**Required work:** Using the listing below, output only the lines from the one that contains "Convert code to" through the one that contains "let mut patterns_num = 0;", inclusive, exactly as given and without images.

**Data shown:**
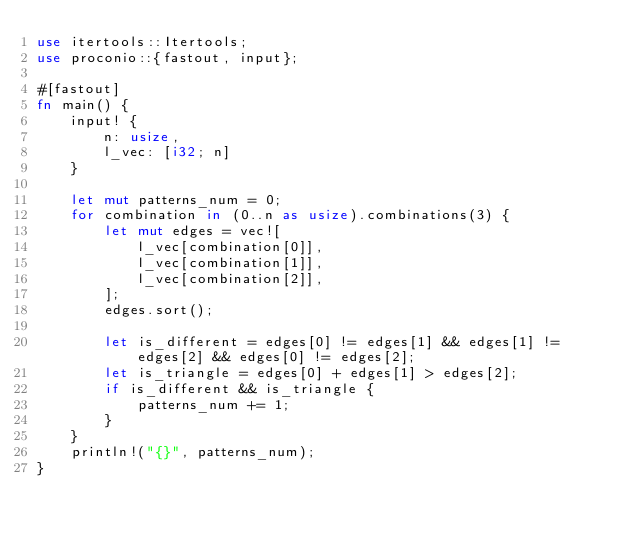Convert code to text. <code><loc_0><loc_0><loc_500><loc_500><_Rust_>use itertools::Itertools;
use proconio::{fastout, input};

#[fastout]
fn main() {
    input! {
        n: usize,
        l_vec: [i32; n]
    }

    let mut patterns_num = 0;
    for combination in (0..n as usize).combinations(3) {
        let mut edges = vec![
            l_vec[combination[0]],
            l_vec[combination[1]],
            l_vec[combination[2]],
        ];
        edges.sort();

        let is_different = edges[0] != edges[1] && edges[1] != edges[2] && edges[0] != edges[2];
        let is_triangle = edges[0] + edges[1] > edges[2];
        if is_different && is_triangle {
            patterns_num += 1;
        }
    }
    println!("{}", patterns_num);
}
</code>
--
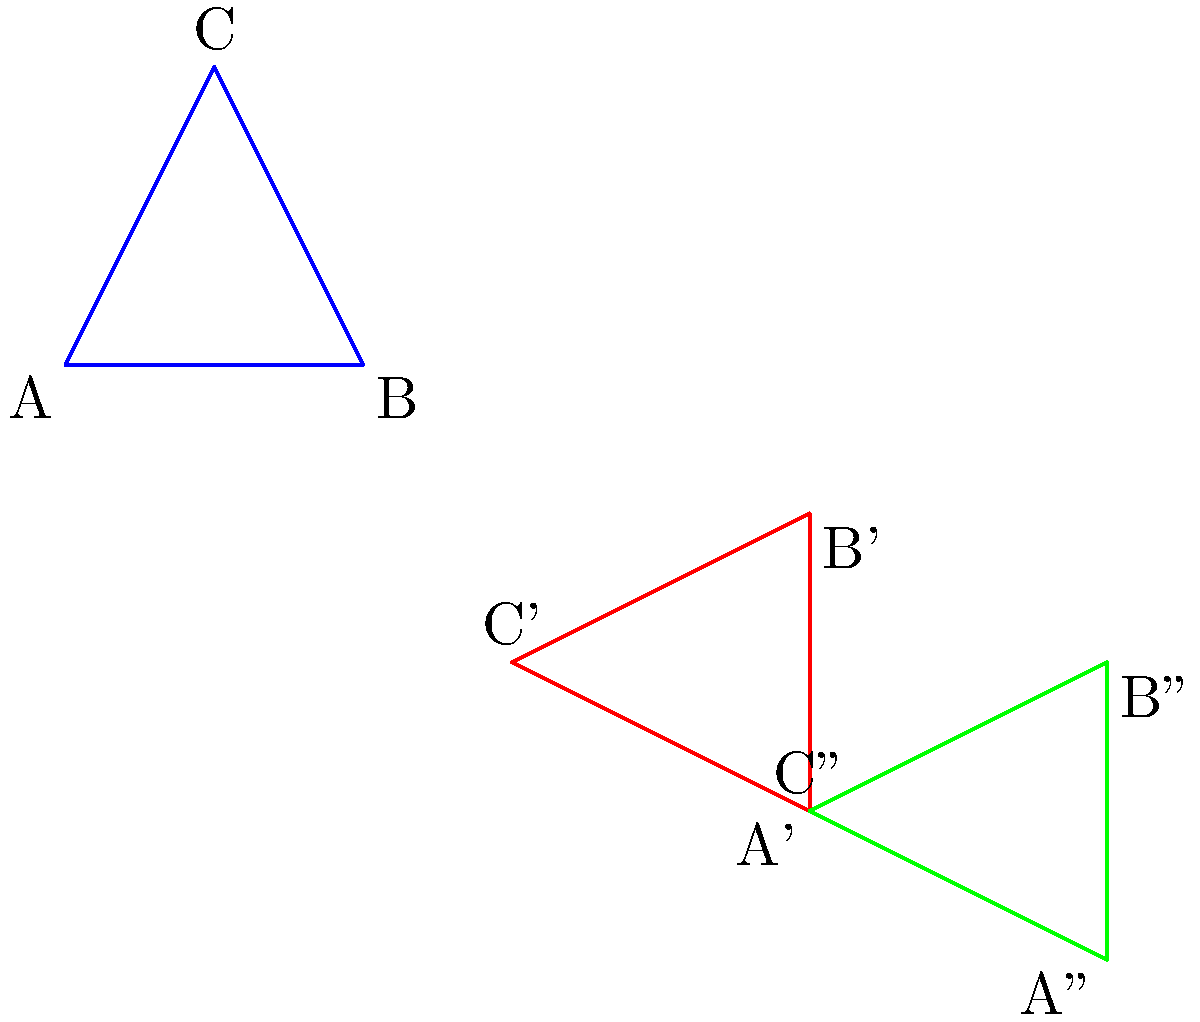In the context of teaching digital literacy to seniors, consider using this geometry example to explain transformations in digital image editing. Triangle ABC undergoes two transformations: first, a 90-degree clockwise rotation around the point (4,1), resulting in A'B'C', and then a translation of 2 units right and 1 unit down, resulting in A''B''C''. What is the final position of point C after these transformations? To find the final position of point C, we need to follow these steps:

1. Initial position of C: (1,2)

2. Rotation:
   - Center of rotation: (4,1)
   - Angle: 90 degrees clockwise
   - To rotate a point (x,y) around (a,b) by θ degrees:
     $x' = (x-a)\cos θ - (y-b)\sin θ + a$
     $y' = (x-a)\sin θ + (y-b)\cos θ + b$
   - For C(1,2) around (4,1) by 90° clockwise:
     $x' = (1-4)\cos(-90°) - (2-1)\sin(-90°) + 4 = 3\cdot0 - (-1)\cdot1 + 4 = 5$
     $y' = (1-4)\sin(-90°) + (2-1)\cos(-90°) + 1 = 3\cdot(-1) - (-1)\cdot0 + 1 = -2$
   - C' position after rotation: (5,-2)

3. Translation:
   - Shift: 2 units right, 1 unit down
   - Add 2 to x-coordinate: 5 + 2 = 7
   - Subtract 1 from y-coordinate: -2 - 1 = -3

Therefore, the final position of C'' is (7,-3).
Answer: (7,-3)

**Answer for the task:**
Convert code to text. <code><loc_0><loc_0><loc_500><loc_500><_Rust_>use itertools::Itertools;
use proconio::{fastout, input};

#[fastout]
fn main() {
    input! {
        n: usize,
        l_vec: [i32; n]
    }

    let mut patterns_num = 0;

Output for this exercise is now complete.